Exercise: Go through the records, and copy each line in which the string "March" is present.

··········

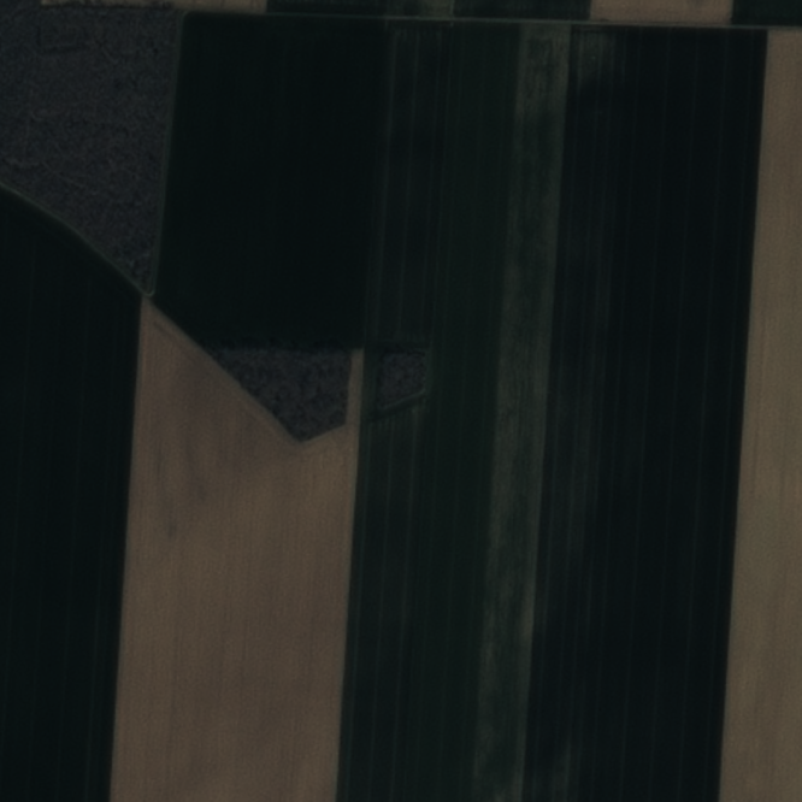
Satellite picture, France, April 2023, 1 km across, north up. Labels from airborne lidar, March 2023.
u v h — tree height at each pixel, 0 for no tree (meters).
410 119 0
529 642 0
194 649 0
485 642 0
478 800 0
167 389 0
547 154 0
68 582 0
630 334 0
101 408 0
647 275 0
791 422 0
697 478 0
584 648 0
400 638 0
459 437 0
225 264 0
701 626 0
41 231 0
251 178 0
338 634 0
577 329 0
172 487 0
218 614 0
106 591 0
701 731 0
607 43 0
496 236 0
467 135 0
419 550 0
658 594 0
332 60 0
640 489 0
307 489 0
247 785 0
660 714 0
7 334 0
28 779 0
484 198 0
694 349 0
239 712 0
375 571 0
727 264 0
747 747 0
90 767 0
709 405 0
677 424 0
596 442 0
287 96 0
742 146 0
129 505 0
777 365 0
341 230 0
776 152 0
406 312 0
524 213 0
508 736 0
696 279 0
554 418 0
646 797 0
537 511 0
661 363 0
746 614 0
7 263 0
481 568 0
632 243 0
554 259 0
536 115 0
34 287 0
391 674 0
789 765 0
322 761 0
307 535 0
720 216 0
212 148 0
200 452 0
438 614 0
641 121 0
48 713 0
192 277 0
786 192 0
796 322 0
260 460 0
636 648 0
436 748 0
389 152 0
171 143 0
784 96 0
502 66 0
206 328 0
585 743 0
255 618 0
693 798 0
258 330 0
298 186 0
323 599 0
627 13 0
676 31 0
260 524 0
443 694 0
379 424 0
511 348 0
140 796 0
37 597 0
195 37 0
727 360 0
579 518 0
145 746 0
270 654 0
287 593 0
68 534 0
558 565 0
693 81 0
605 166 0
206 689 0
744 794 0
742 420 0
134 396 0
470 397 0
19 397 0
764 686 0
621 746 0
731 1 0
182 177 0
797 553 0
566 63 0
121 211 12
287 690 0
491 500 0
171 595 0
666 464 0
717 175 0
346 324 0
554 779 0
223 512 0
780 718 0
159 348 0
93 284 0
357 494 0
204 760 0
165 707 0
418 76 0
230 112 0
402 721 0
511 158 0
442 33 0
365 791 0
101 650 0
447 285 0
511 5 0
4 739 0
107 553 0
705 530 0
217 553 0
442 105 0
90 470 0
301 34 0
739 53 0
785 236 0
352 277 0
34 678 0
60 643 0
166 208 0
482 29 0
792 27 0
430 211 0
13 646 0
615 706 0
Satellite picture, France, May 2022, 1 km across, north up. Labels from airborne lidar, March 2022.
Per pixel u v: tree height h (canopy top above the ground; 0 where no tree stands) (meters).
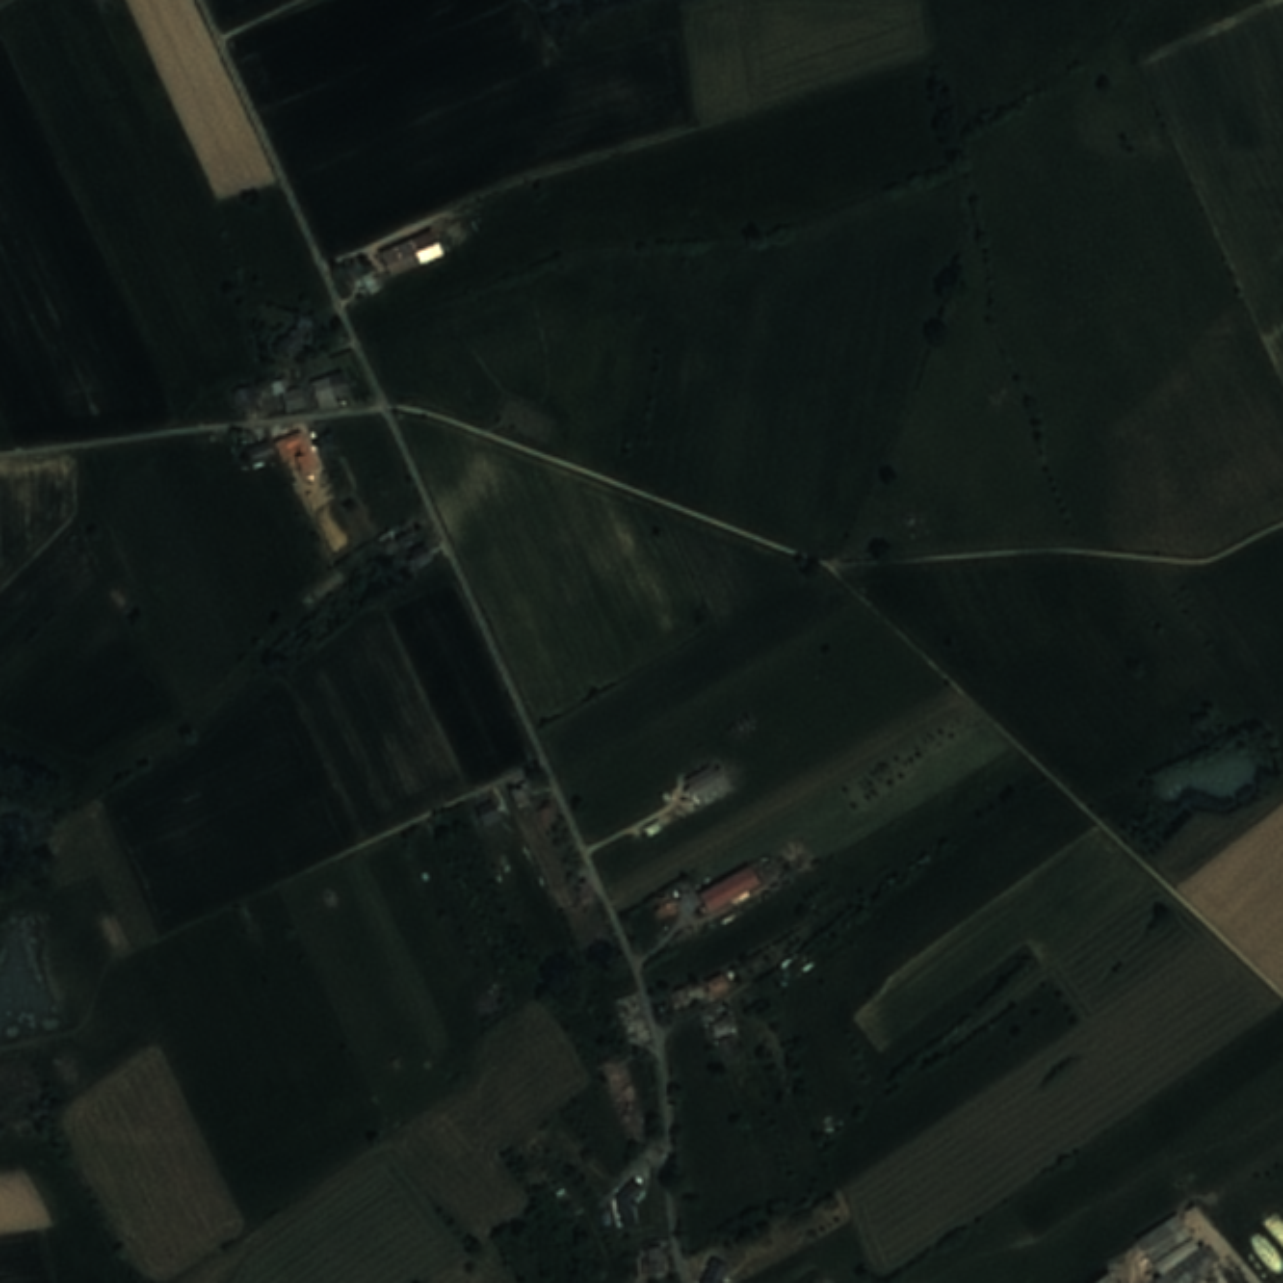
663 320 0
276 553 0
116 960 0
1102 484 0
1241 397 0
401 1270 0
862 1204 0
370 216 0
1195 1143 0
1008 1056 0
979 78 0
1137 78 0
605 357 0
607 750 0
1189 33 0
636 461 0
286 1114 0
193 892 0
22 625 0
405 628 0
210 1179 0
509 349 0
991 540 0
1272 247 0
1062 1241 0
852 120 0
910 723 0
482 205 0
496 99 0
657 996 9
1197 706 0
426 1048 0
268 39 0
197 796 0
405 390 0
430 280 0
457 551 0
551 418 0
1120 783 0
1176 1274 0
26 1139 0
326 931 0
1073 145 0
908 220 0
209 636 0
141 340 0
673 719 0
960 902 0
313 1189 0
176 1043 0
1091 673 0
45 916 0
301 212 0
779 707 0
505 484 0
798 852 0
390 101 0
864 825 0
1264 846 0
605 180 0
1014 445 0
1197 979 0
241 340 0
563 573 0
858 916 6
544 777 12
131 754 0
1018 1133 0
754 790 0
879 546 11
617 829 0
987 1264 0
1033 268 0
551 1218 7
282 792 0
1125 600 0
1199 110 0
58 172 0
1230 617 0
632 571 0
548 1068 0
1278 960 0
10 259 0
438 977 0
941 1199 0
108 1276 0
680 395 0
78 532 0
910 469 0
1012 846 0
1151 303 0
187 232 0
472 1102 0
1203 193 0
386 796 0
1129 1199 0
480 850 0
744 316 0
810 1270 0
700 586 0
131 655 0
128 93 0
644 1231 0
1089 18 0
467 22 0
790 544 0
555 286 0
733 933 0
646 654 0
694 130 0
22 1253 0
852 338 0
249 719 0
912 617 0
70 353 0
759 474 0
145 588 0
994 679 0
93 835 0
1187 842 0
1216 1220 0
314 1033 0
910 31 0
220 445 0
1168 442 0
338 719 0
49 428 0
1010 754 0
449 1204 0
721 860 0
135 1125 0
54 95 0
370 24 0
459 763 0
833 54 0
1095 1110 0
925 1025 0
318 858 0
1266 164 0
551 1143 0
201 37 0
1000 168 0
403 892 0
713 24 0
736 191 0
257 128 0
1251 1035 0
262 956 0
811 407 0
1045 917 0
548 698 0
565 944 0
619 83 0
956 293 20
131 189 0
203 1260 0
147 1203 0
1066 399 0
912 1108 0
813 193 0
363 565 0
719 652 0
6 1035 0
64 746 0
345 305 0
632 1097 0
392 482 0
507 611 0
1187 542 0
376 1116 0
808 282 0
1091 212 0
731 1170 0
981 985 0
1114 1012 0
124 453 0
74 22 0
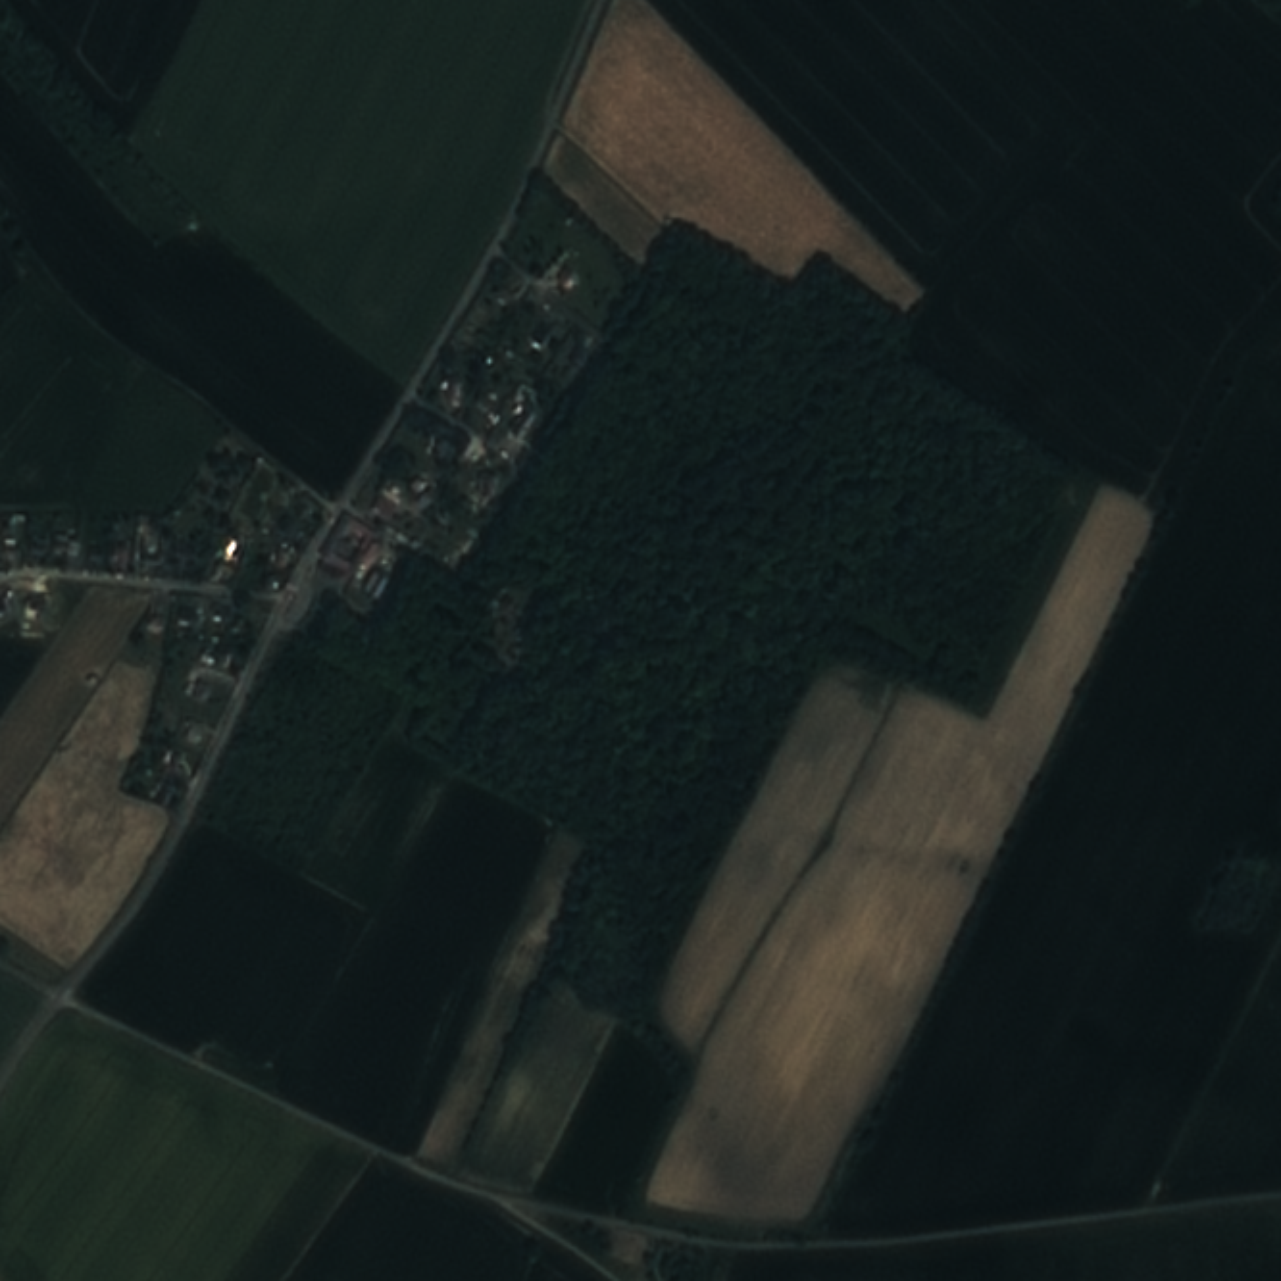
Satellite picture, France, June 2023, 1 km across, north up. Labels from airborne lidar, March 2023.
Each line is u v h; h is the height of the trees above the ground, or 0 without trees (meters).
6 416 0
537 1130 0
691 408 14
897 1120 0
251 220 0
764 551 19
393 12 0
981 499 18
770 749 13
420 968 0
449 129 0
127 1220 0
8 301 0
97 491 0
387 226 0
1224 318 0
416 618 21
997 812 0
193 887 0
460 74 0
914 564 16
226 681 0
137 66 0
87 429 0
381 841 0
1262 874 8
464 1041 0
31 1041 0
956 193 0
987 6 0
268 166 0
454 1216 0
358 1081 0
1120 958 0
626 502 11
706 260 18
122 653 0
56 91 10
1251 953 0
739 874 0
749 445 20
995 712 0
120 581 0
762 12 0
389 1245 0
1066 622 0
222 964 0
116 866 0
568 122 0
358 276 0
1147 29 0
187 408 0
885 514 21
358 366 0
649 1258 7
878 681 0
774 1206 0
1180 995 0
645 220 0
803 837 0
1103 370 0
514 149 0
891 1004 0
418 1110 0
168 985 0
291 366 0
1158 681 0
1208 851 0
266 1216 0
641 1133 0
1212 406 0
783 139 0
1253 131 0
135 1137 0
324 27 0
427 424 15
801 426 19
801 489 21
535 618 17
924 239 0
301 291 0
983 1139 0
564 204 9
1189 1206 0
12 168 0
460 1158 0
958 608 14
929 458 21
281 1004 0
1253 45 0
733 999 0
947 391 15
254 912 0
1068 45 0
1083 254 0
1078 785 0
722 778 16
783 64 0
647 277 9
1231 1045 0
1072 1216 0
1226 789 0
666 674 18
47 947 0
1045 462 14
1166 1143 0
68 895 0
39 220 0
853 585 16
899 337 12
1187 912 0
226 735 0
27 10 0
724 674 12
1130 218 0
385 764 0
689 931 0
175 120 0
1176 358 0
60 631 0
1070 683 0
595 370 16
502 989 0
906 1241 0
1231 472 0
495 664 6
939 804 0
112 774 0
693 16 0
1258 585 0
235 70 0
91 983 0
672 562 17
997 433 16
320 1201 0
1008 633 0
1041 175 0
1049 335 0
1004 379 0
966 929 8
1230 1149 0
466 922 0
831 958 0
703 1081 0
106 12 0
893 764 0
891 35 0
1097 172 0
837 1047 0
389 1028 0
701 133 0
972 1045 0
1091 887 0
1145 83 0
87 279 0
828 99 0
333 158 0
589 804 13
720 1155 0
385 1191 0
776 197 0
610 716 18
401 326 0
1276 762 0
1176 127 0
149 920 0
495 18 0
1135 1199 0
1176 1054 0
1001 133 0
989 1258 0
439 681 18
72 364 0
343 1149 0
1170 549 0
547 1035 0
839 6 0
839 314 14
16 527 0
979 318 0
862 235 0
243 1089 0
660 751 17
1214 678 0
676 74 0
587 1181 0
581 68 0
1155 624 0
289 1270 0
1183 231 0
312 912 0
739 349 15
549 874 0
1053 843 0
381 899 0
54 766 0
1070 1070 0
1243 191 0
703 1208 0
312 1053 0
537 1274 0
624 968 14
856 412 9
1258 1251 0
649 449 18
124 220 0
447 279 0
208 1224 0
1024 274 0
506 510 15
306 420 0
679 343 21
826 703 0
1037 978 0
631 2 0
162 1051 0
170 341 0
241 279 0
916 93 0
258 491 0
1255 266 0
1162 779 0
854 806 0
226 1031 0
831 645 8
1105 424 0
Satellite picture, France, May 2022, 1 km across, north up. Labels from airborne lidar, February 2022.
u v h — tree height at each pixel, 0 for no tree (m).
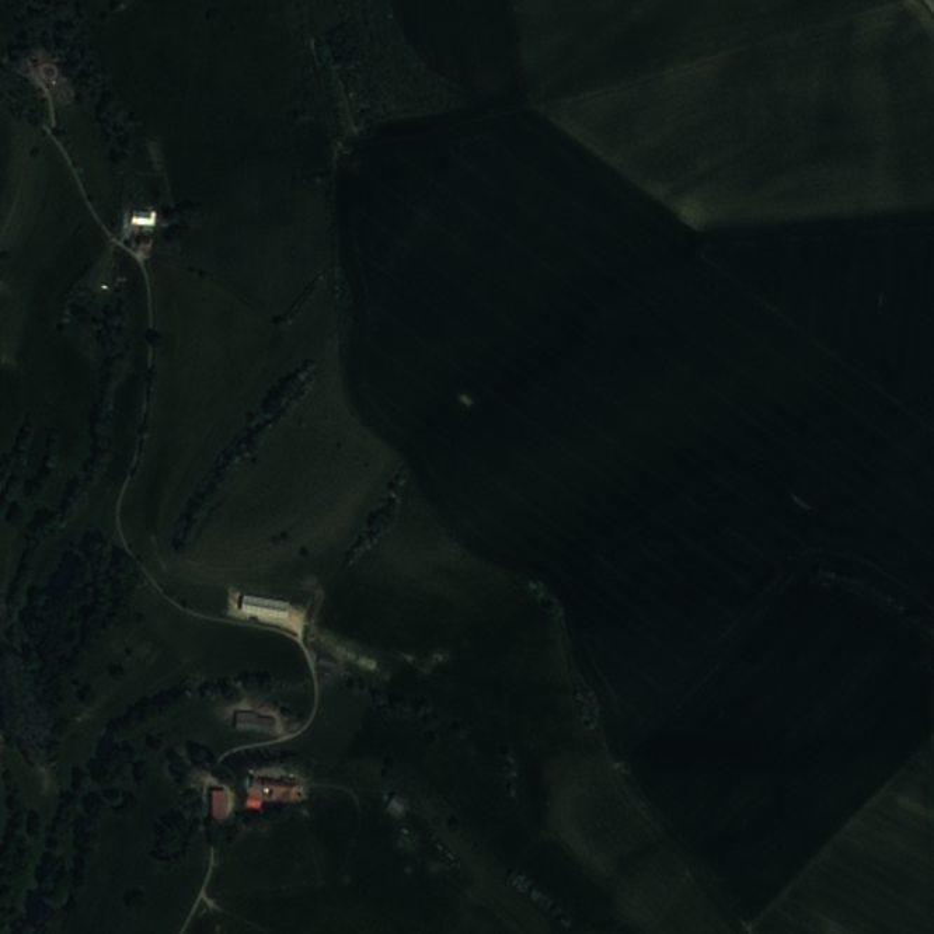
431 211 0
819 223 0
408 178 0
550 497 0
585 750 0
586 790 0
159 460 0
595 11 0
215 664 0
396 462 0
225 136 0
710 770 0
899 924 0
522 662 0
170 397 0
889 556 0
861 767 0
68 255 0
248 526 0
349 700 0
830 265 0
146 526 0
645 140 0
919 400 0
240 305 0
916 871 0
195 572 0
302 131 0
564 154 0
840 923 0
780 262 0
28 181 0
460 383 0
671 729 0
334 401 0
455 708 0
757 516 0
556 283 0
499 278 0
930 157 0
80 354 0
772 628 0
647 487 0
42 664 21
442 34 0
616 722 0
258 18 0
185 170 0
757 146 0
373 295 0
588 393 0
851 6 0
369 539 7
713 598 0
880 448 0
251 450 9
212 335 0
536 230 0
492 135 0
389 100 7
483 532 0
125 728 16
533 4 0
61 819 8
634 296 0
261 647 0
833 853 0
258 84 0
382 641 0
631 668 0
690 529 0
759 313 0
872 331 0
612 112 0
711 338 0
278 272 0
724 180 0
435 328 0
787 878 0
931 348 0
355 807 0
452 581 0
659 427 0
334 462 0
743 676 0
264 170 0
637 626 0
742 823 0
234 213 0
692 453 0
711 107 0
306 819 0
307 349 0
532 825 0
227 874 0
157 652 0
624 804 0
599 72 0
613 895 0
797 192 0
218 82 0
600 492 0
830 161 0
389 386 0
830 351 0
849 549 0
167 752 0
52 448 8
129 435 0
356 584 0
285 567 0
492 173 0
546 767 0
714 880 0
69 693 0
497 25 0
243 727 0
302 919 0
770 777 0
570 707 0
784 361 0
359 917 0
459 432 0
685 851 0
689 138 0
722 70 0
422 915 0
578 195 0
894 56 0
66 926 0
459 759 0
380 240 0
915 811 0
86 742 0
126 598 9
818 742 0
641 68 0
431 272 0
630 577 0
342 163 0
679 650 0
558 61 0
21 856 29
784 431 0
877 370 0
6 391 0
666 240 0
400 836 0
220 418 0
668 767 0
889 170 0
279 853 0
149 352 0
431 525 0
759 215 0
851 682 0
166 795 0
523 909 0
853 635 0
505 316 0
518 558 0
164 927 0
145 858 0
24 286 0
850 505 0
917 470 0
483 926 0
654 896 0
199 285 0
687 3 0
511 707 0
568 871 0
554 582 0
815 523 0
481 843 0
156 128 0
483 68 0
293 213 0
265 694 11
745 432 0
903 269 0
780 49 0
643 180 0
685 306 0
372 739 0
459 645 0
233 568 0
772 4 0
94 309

··········

Your response:
Satellite picture, France, April 2023, 1 km across, north up. Labels from airborne lidar, March 2023.
Satellite picture, France, May 2022, 1 km across, north up. Labels from airborne lidar, March 2022.
Satellite picture, France, June 2023, 1 km across, north up. Labels from airborne lidar, March 2023.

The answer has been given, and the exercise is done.